One of my annual indulgences this time of year is to eat pomegranate seeds. Pomegranates show up in the grocery store around the beginning of November, and a huge display of them is there until mid-December sometime, I guess. Maybe later than that. Here is the mythology behind the pomegranate, with which I am well acquainted because of my affiliation with Chi Omega.

They’re somewhat labor-intensive to prepare, because you have to stand over the sink and peel the seeds out of the membranes and into a bowl. And then when you eat them, you don’t chew — you crush them against the roof of your mouth and then swallow the seeds whole.

I remember the first time I saw someone preparing a pomegranate. It was my junior year in college, and there was a strange girl from Long Island living on my hall. Sororities at Duke are not — or weren’t at the time — residential, so Greeks and independents all lived together. I always liked that, because we didn’t live “in a vacuum,” so to speak — there were all kinds of people sharing the dorms with us, rather than just living and eating and socializing with the same people all the time.

Anyway, this girl: she was also in a sorority, but not the same one as me. I remember that she took forty-minute showers, lived in a “single” (without a roommate), and was constantly studying for the MCAT even though she was just a sophomore and wouldn’t take it for at least another year. She was very reclusive. But one night, she stood over the bathroom sink and carefully peeled the membranes of this strange-looking fruit, presumably to go back to her room and probably pick at the seeds all night while studying the ATP cycle or something. She was always nice to me, though.

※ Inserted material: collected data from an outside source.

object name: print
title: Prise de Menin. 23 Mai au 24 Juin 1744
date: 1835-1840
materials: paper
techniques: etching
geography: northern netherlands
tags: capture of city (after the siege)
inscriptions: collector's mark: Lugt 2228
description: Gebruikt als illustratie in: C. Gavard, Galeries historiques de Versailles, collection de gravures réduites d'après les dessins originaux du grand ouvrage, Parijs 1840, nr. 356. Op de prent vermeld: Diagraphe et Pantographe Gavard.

She couldn’t understand why I wasn’t as career-driven as she was (admittedly, I was an oddity at the school I chose), but she still talked to me when we were both in there at the same time.

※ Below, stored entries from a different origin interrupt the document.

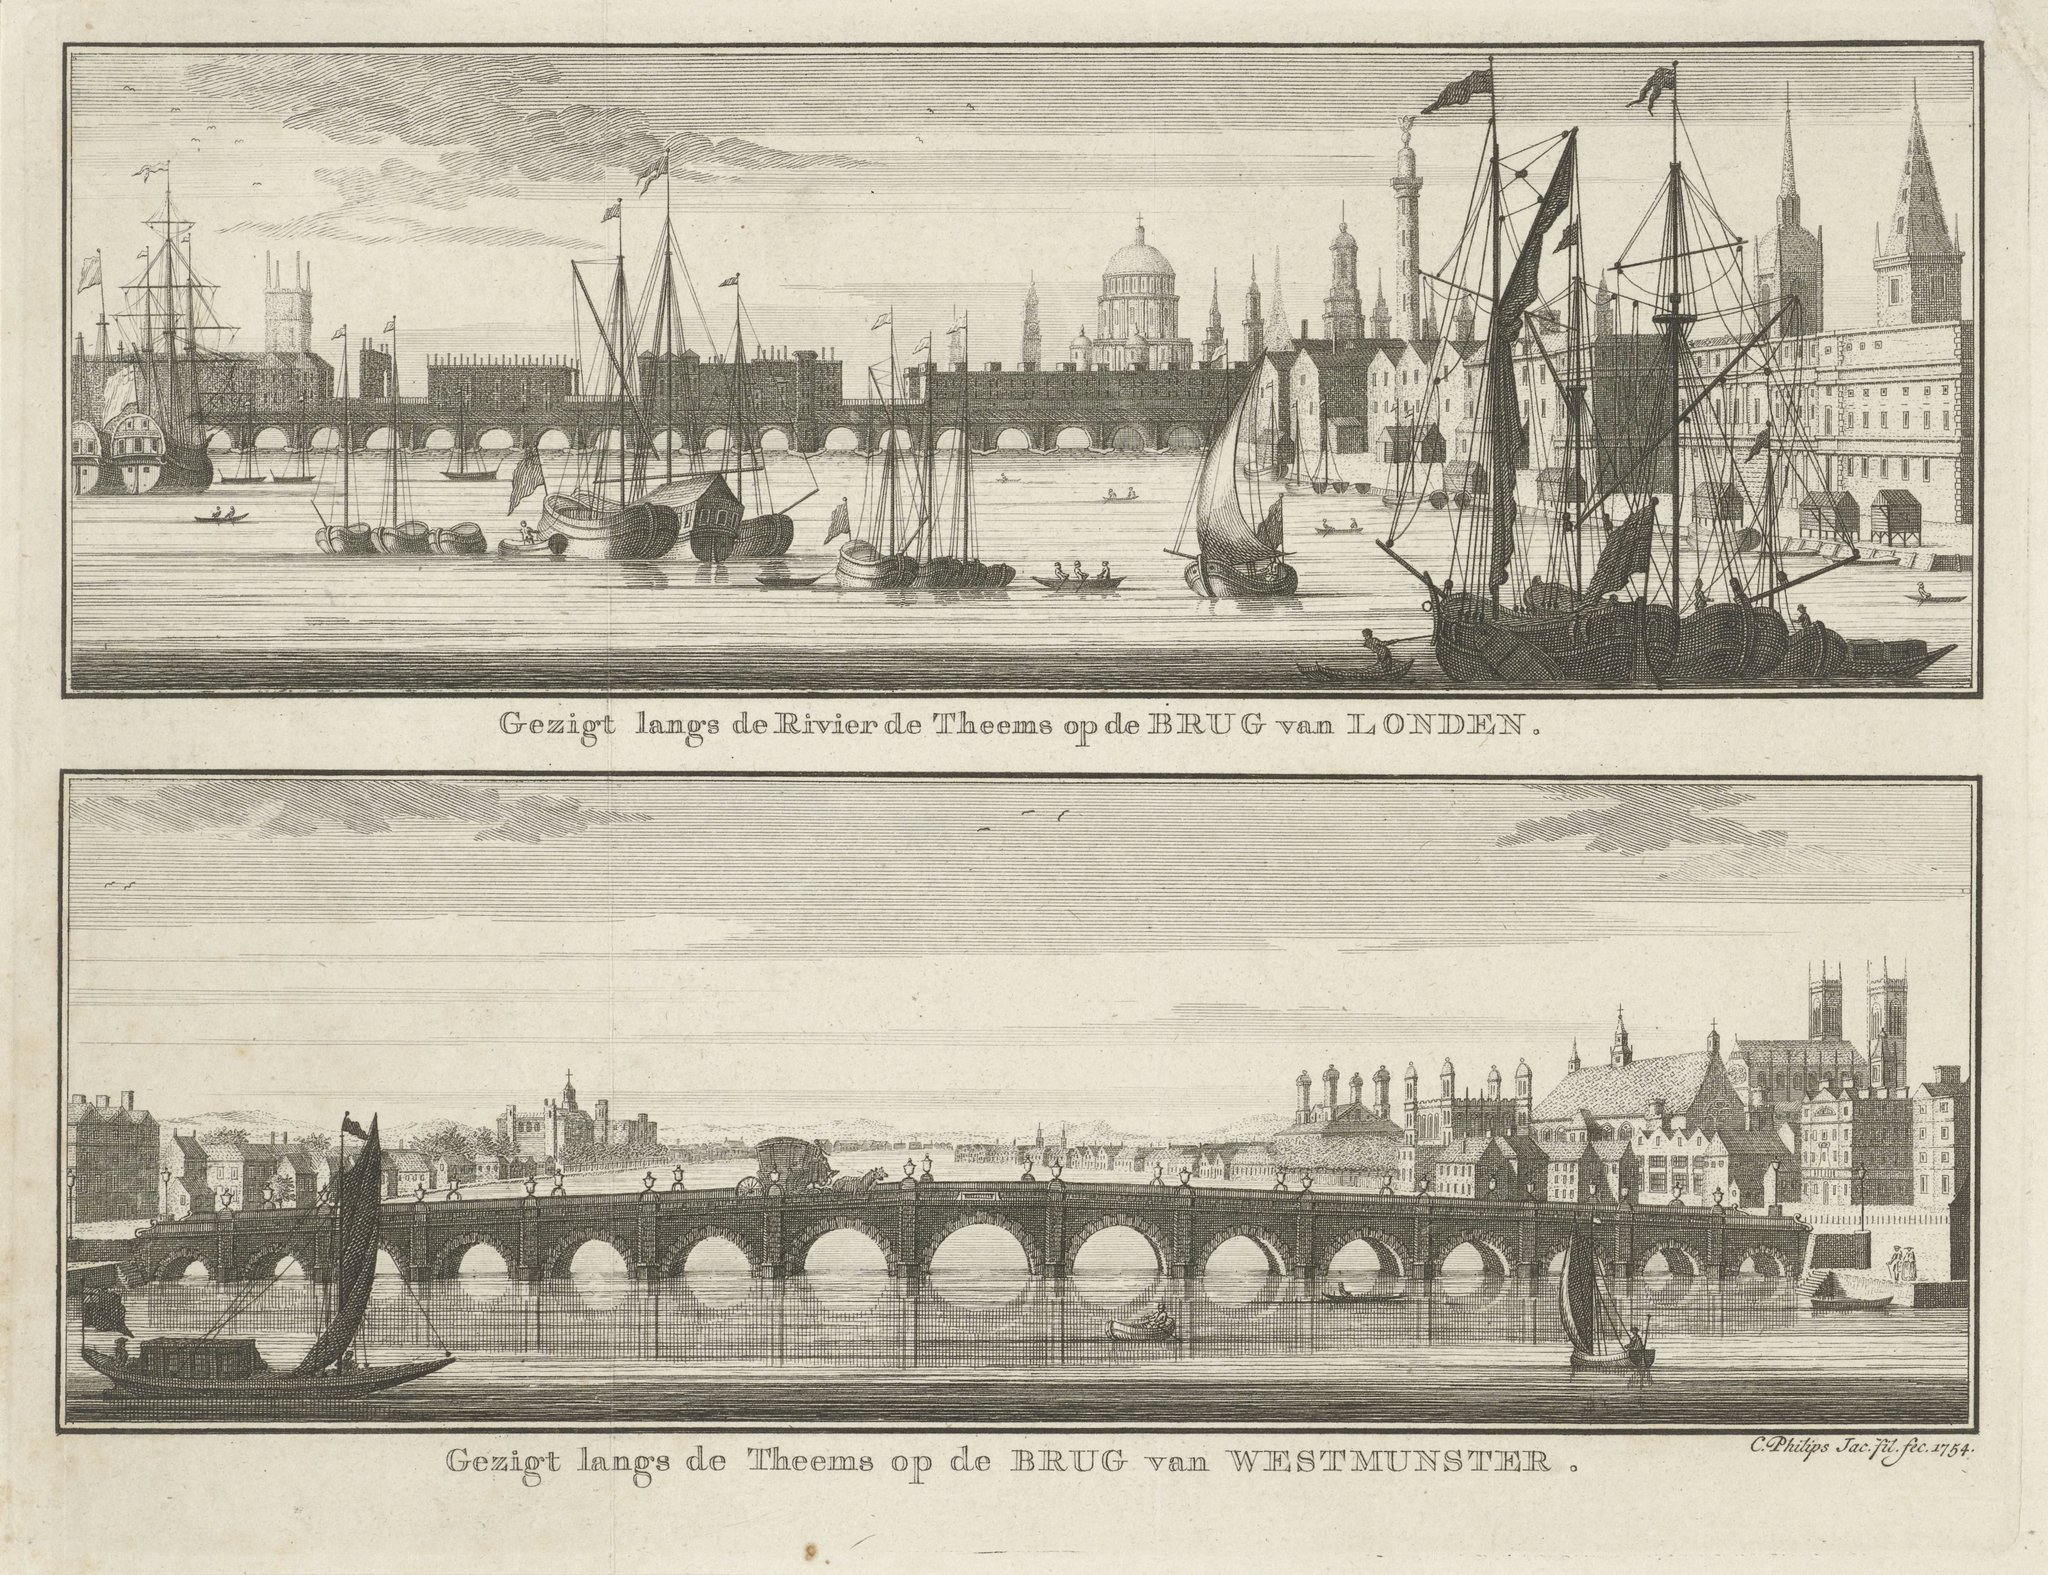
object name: print
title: Gezicht op de London Bridge en op de Westminster Bridge
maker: caspar jacobsz. philips
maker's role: draughtsman, print maker
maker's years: 1732-1789
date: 1754
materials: paper
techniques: etching
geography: amsterdam
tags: bridge, thames
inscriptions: collector's mark: Lugt 2228
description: Twee voorstellingen op één blad. Boven: een gezicht op de Theems en de London Bridge. Onder: een gezicht op de Theems en de Westminster Bridge.

So I asked her about it, and she gave me a few seeds to taste. They’re like liquid Sweet Tarts with little chewable seeds in the middle. Very good, but very strong. And the acids in the juice are pretty strong, too. Good for you, apparently. And somewhere in the last few days, probably in Cooking Light, I read that pomegranates are high in fiber.

I need fiber. Lots and lots of fiber.

So today, since I was NOT wearing white or anything light-colored (pomegranate juice STAINS…. BADLY), I decided to have one of my pomegranates. Yum. They’re always a special part of my year.

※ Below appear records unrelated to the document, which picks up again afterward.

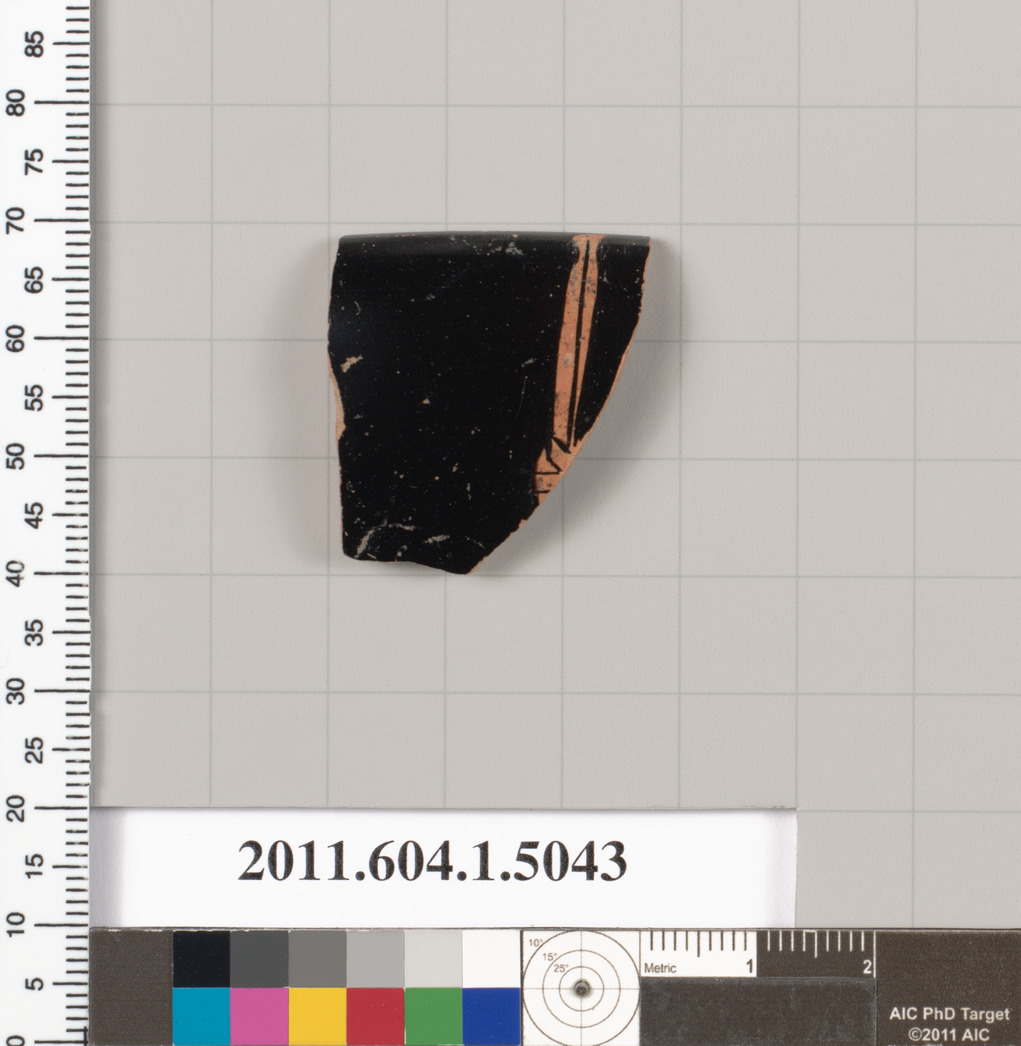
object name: kylix fragment
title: Terracotta fragment of a kylix (drinking cup)
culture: greek, attic
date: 467-435 BCE
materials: terracotta

And they always make me think of my ChiO sisters. Love you, ladies! 🙂

5 thoughts on “Pomegranate”

  1. I love Trader Joe’s pure Blueberry and Pomegranate juice mix…it is SO yummy. My old Landlord’s had a Pomegranate tree, and I got to pick as many as I wanted. A delicious, high maintanence fruit.

  2. Elyse wanted to buy a pomegranate this morning at Kroger! But since I have absolutely no idea what to do with one, we didn’t. You’ll have to teach me.

  3. I love pomegranates. Detest the juice.

    We had a pomegranate tree when I was little. I was FORBIDDEN from touching the fruit. At least my mom said it was because it would stain my clothes, not that they were poisonous or some such thing to make sure I didn’t touch…..

    Need to get me a pomegranate…. saw ’em in the store the other day.

  4. I looooove pomegranates. I’ve always eaten them one seed at a time as I work through the fruit though. I bet it would be less messy if I were to fully un-seed the fruit first. Never occurred to me, that…

  5. Oprah makes what she claims is the ultimate martini.. and it contains pom juice. I’m dying to try it. She actually puts some of the seeds in the bottom of the martini glasses.

    Pom juice is a brand name, by the way, and available at most Kroger and Publix stores.